Setup network access is a distinct risk boundary. An explicit policy is required for every run.

Enabling access can:

• expose data;
• introduce mutable dependencies;
• allow attacks against external systems; and
• make the experiment non-reproducible.

The exact supported v0 setup-network modes remain unresolved.

For networked reproduction cases, the supported profile is a closed per-run network containing only the declared reproducer and target. It permits only declared reproducer-initiated target connections and response traffic. It denies external egress, host gateway access, cloud metadata, external DNS, published host ports, undeclared ingress, and undeclared peers. Non-network cases receive no reproduction network.

Runtime-provided "internal network" modes are not sufficient by themselves.

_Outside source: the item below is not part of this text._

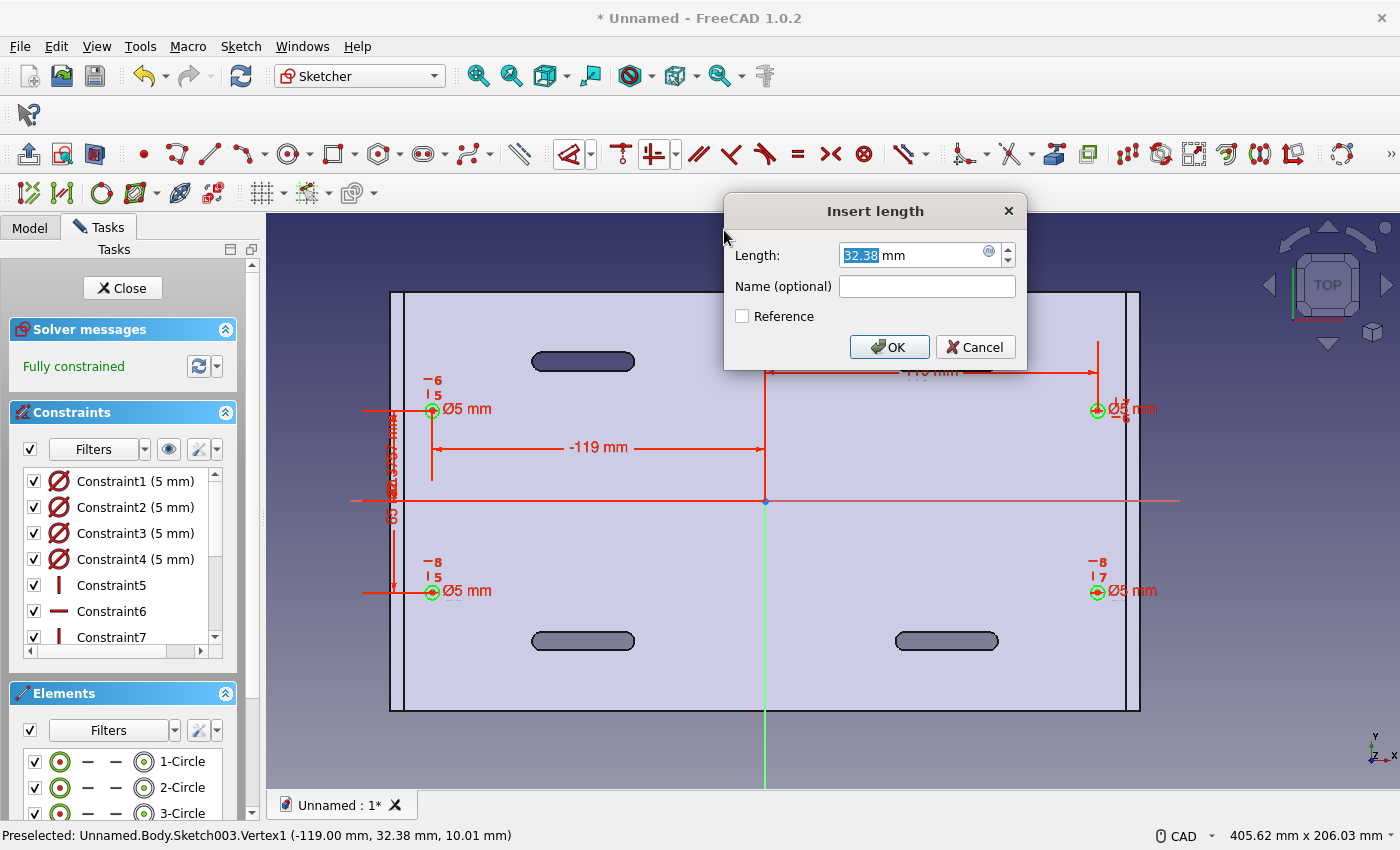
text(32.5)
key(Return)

The backend must verify that host and gateway access are also denied.

The minimum deny policy includes link-local metadata space and known metadata or runtime-host endpoints, including 169.254.0.0/16, 169.254.169.254/32, fd00:ec2::254/128, fd20:ce::254/128, metadata.google.internal, host.docker.internal, and gateway.docker.internal.

Git materialization is data extraction, not project execution.

v0 materialization must:

• read only from the operator-supplied local repository;
• run non-interactively in an Abaris-controlled temporary directory;
• ignore user, global, system, and untrusted repository-local configuration where possible;
• disable hooks, clean/smudge/process filters, credential helpers, LFS downloads, submodule initialization, and external protocols;
• reject object alternates, promisor or partial-clone acquisition, replace refs, and undeclared external object resolution;
• reject unsafe symlinks before execution;
• preserve separate immutable baseline and candidate trees; and
• record commit identity, tree identity, Git version, and materialization policy;
• record requested and enforced controls, rejected features, violations, and final outcome; and
• refuse execution when mandatory materialization controls or identities cannot be verified.

Submodules, LFS objects, and remote source acquisition are unsupported by default in v0.

Abaris may use private draft contracts to execute representative historical cases. No schema is public or stable until 3–5 representative cases have completed review. Draft contracts must be clearly marked disposable and must not create compatibility promises. Every draft artifact must self-identify as private-draft with compatibility set to none.

The trusted core that validates inputs, evaluates oracle evidence, assigns observations, and derives conclusions must not depend on AI. Optional future AI assistance must be separable, non-authoritative, and unable to change a deterministic result.

1. Report Abaris security issues privately.
2. Validate impact and reproduction safely.
3. Prepare mitigations and tests.
4. Coordinate disclosure timing and content.
5. Publish only after explicit human approval.

Abaris must never automate disclosure.